*WHAT THE TASK ASKS*. In the listing below, a line holding "Angola in 2002?" and a line holding "Offer a terse response. 4.00e+08." mark the range. Retype both exactly, with all lines between them.

┌──

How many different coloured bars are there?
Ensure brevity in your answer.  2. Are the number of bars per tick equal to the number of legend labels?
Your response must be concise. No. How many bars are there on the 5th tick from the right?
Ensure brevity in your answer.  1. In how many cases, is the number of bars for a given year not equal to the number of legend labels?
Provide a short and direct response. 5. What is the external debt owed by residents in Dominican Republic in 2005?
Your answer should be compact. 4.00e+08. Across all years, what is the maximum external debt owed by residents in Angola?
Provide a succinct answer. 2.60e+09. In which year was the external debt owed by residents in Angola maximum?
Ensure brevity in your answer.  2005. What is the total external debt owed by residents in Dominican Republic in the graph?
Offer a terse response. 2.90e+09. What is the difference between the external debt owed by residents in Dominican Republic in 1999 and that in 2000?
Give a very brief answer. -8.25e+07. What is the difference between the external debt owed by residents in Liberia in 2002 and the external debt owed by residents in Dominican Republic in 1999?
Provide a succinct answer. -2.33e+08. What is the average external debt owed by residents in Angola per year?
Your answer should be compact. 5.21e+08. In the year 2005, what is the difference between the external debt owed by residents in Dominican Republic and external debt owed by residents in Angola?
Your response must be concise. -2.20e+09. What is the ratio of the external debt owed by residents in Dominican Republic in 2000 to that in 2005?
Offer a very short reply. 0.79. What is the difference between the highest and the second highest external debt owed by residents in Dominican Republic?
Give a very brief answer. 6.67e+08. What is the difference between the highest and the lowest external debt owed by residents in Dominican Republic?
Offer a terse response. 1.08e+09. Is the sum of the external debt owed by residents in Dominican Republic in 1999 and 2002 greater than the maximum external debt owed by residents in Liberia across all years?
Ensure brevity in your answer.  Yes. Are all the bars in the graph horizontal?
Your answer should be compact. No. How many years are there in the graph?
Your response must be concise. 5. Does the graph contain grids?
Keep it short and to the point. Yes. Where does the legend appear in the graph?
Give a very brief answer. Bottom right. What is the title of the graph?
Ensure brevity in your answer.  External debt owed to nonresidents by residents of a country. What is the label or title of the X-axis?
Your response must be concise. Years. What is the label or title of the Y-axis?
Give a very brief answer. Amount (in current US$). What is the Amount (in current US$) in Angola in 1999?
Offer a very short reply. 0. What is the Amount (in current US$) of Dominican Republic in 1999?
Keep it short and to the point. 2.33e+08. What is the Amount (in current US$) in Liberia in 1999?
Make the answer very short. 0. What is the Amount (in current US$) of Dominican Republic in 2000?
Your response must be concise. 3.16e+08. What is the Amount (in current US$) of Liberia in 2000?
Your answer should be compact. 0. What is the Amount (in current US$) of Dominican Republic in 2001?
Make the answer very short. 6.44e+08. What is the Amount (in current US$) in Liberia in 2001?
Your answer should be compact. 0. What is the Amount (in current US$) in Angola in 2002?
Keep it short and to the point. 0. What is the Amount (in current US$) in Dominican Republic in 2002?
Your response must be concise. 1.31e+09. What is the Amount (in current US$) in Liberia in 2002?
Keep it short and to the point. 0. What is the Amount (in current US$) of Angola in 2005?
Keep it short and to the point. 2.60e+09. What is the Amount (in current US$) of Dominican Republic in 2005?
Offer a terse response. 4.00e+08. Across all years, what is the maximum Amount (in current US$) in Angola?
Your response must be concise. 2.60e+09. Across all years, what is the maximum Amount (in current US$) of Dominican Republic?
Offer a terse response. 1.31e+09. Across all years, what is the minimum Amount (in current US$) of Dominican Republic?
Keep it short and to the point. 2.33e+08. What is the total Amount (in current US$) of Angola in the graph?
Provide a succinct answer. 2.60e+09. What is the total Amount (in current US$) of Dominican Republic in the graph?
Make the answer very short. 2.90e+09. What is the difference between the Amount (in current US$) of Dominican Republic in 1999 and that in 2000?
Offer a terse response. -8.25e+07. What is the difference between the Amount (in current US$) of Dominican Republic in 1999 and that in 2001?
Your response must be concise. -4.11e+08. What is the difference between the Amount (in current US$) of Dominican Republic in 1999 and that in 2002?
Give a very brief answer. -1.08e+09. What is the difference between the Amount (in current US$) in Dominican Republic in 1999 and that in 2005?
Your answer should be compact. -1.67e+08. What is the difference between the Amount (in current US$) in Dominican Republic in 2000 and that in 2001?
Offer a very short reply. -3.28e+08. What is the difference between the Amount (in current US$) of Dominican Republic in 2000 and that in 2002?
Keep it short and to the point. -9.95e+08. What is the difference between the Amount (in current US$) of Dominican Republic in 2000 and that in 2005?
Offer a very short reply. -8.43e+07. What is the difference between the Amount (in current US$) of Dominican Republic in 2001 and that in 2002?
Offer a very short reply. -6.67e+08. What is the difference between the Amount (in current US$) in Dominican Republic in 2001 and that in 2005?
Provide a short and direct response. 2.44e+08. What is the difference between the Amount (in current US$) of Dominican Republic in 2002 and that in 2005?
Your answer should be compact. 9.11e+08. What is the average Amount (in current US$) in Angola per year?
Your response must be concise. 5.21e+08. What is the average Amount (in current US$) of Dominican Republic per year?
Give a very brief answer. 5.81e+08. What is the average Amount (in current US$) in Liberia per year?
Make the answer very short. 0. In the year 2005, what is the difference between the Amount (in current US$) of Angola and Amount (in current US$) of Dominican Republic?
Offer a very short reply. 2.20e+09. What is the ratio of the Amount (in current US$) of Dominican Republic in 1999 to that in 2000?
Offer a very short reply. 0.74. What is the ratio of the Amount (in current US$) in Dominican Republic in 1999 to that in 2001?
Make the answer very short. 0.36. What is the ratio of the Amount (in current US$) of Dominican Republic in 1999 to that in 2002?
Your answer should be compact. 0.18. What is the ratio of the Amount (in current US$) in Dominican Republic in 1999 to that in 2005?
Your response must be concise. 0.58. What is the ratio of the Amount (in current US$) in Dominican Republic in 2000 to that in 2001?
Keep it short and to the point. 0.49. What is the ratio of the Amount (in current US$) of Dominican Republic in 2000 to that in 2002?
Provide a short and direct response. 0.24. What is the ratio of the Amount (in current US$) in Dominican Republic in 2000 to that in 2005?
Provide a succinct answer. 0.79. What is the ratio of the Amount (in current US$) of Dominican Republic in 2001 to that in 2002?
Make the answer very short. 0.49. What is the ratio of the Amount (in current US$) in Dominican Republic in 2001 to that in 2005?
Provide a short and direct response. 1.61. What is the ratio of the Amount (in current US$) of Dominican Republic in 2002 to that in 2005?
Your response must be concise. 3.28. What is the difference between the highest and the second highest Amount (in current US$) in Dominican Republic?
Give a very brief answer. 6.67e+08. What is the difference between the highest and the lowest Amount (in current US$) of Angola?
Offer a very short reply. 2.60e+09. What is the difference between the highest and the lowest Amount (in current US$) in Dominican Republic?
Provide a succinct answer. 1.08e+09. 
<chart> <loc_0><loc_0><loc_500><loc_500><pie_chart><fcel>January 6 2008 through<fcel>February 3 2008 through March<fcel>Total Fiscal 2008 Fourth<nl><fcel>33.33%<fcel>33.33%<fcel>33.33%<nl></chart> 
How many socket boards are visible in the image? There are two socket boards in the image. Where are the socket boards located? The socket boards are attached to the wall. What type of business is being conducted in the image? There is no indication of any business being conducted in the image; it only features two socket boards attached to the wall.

└──
┌──

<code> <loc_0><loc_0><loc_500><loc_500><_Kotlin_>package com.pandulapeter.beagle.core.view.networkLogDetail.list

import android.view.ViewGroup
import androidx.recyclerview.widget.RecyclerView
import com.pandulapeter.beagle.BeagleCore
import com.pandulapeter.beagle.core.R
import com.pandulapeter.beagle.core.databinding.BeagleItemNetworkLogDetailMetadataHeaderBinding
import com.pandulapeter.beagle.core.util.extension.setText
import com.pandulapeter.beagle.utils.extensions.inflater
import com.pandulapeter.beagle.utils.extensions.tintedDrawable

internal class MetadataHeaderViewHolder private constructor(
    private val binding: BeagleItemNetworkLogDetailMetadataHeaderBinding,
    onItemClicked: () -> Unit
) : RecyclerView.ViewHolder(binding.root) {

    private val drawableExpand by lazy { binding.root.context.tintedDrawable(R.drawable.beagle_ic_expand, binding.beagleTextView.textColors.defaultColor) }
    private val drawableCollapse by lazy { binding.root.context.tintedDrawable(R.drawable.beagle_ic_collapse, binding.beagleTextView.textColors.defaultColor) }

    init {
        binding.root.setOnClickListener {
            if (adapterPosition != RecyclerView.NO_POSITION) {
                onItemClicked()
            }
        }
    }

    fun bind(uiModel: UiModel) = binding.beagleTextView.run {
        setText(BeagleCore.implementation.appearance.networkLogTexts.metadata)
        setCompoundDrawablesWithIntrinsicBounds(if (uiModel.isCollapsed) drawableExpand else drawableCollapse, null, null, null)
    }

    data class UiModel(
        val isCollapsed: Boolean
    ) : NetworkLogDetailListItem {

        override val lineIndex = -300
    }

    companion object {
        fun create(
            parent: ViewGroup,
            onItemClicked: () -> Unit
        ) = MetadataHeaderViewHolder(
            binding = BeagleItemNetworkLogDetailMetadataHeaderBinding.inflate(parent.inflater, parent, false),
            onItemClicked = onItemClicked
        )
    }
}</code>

└──

*RESULT OF THE TASK*.
Your answer should be compact. 0. What is the Amount (in current US$) in Angola in 2002?
Keep it short and to the point. 0. What is the Amount (in current US$) in Dominican Republic in 2002?
Your response must be concise. 1.31e+09. What is the Amount (in current US$) in Liberia in 2002?
Keep it short and to the point. 0. What is the Amount (in current US$) of Angola in 2005?
Keep it short and to the point. 2.60e+09. What is the Amount (in current US$) of Dominican Republic in 2005?
Offer a terse response. 4.00e+08. Across all years, what is the maximum Amount (in current US$) in Angola?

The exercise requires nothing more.